> _What this task involves_
For this task, copy all of the data below exactly and skip the pictures.
=== Section Start ===
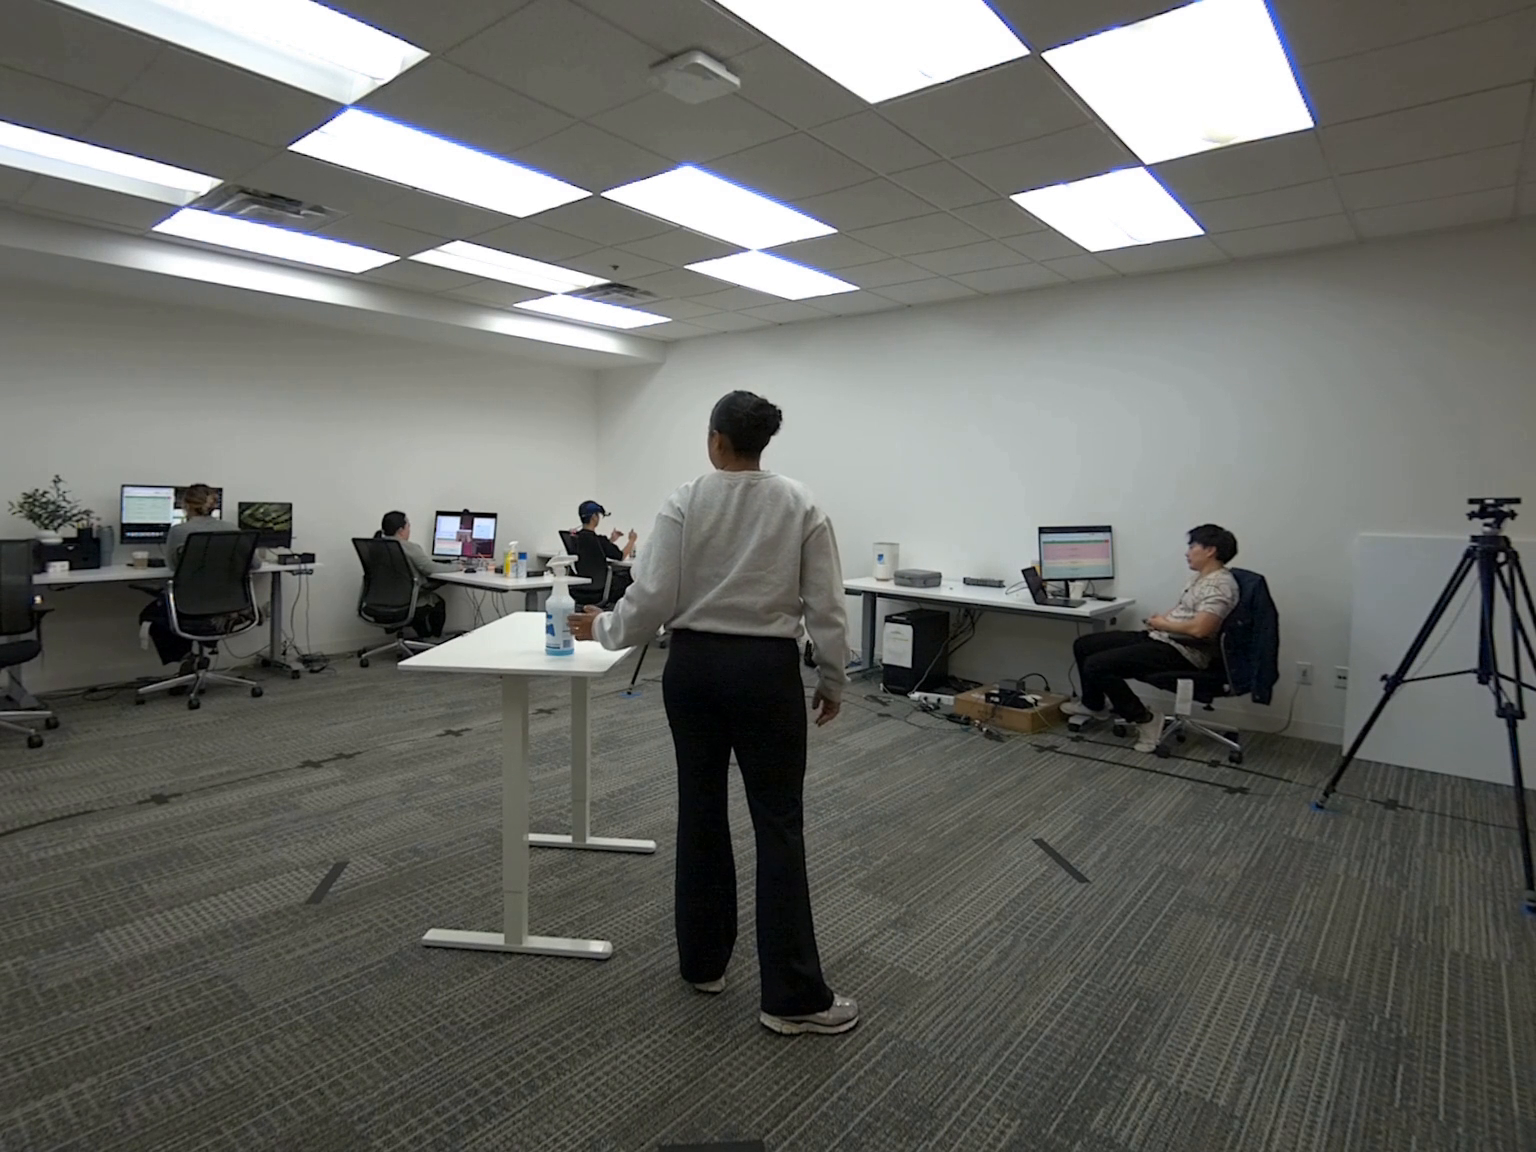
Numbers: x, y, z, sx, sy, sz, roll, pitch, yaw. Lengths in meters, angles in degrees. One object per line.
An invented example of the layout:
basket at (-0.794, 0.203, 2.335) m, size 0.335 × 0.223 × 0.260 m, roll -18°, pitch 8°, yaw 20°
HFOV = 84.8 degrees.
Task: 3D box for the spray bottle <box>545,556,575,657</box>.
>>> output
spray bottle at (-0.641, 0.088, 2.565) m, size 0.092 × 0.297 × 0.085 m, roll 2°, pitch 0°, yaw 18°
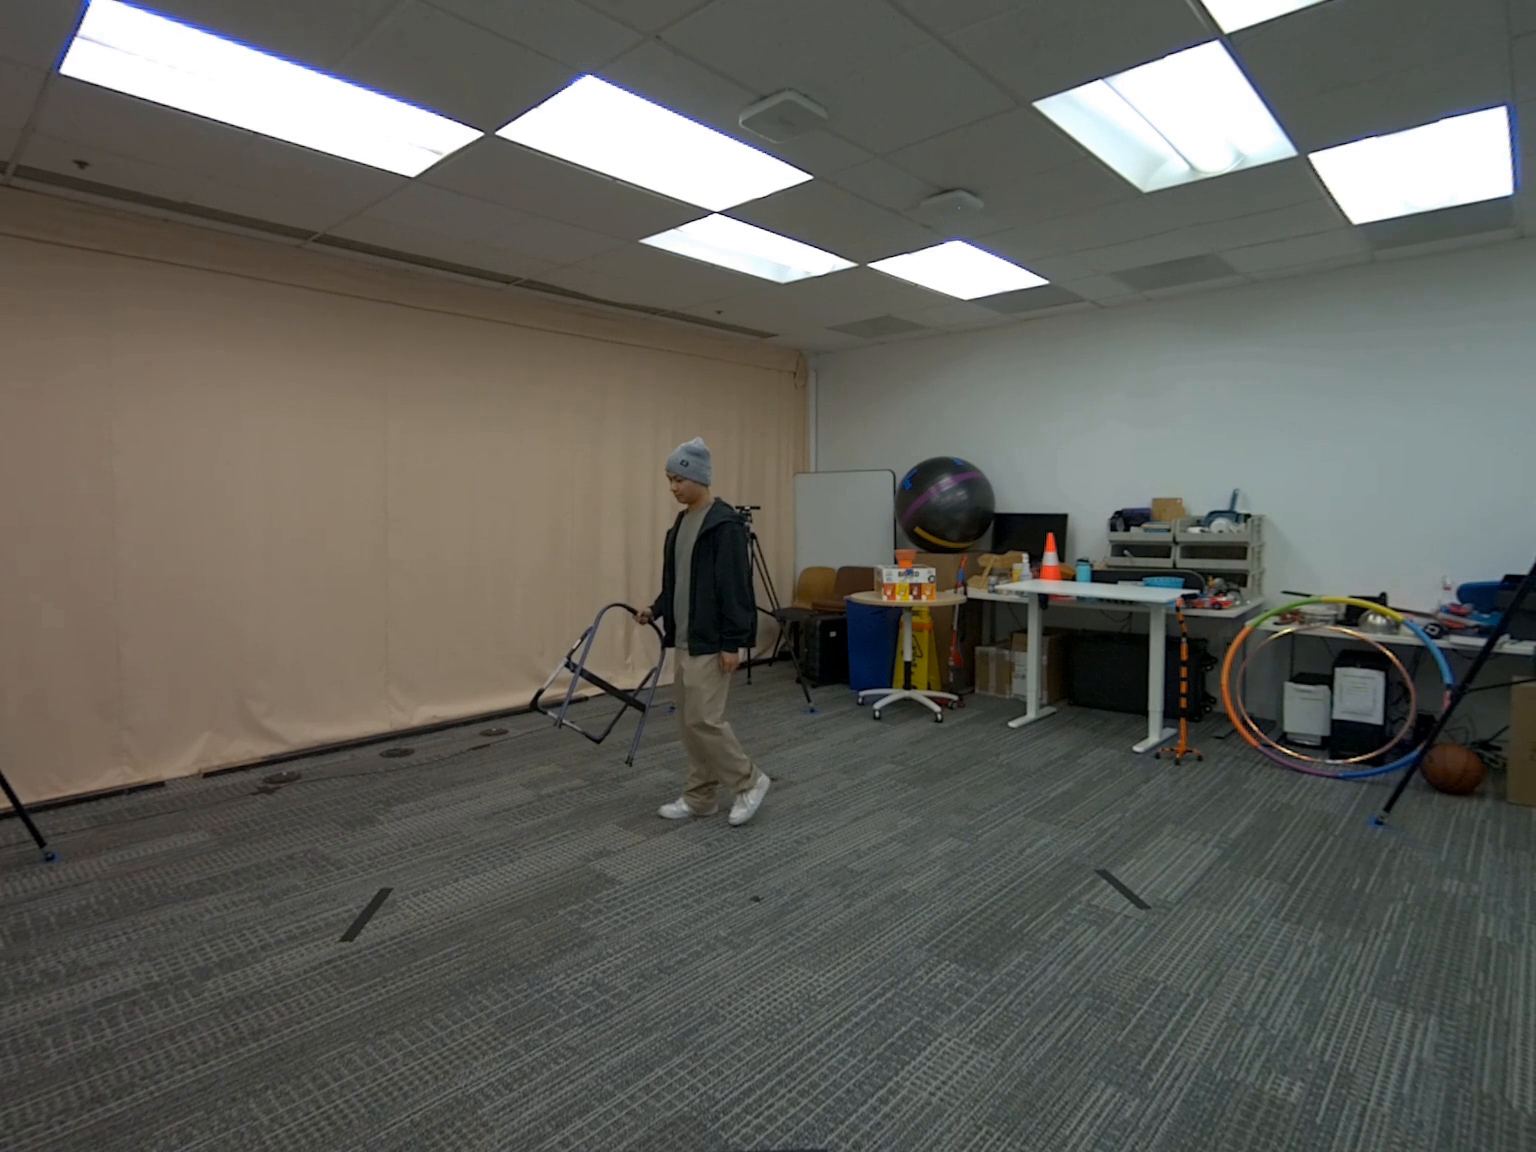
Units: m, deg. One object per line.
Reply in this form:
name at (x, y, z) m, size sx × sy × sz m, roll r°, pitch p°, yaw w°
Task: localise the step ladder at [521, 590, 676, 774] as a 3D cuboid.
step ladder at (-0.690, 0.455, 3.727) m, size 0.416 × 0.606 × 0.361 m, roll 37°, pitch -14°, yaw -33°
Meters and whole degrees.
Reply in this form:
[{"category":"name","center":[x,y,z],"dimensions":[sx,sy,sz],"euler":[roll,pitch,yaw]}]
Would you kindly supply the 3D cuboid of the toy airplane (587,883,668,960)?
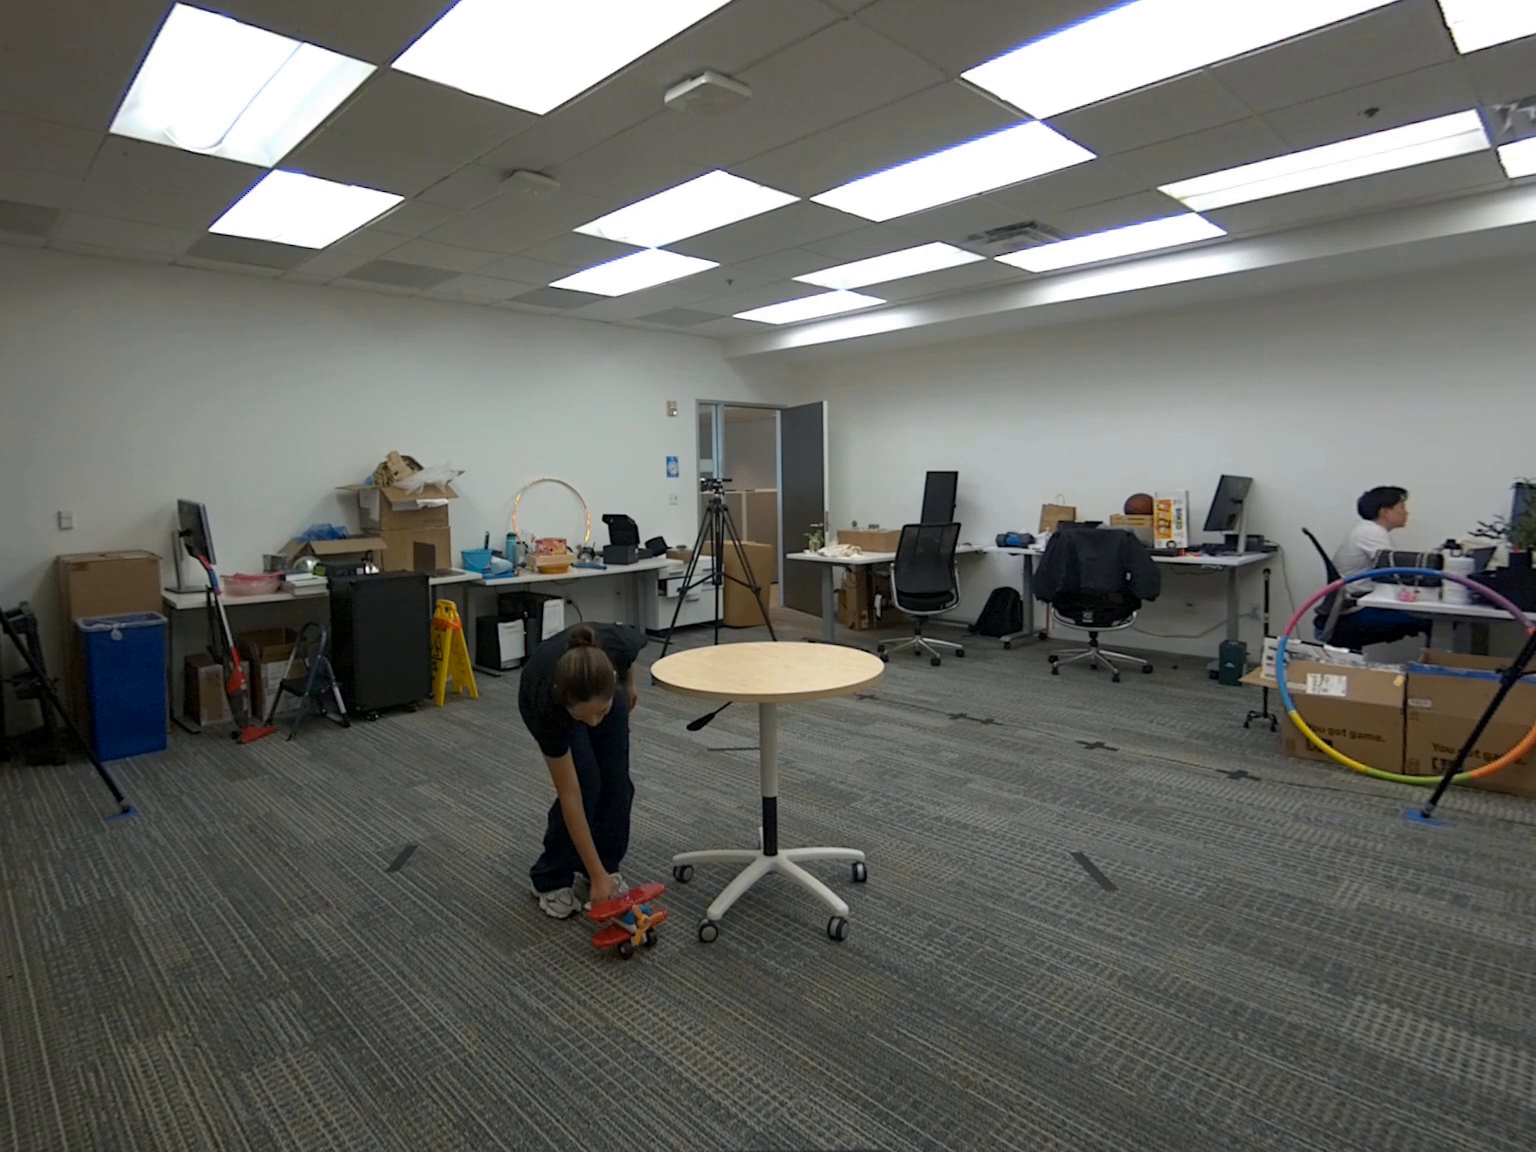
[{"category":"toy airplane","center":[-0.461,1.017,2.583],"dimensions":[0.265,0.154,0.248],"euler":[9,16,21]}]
=== Section End ===
> _Exercise answer_
Numbers: x, y, z, sx, sy, sz, roll, pitch, yaw. Lengths in meters, angles in degrees. One object per line.
An invented example of the layout:
basket at (-0.794, 0.203, 2.335) m, size 0.335 × 0.223 × 0.260 m, roll -18°, pitch 8°, yaw 20°
HFOV = 84.8 degrees.
Task: 3D box for the spray bottle <box>545,556,575,657</box>.
>>> output
spray bottle at (-0.641, 0.088, 2.565) m, size 0.092 × 0.297 × 0.085 m, roll 2°, pitch 0°, yaw 18°
Units: m, deg. One object per line.
Reply in this form:
name at (x, y, z) m, size sx × sy × sz m, roll r°, pitch p°, yaw w°
Task: localise the step ladder at [521, 590, 676, 774] as a 3D cuboid.
step ladder at (-0.690, 0.455, 3.727) m, size 0.416 × 0.606 × 0.361 m, roll 37°, pitch -14°, yaw -33°
Meters and whole degrees.
Reply in this form:
[{"category":"name","center":[x,y,z],"dimensions":[sx,sy,sz],"euler":[roll,pitch,yaw]}]
Would you kindly supply the 3D cuboid of the toy airplane (587,883,668,960)?
[{"category":"toy airplane","center":[-0.461,1.017,2.583],"dimensions":[0.265,0.154,0.248],"euler":[9,16,21]}]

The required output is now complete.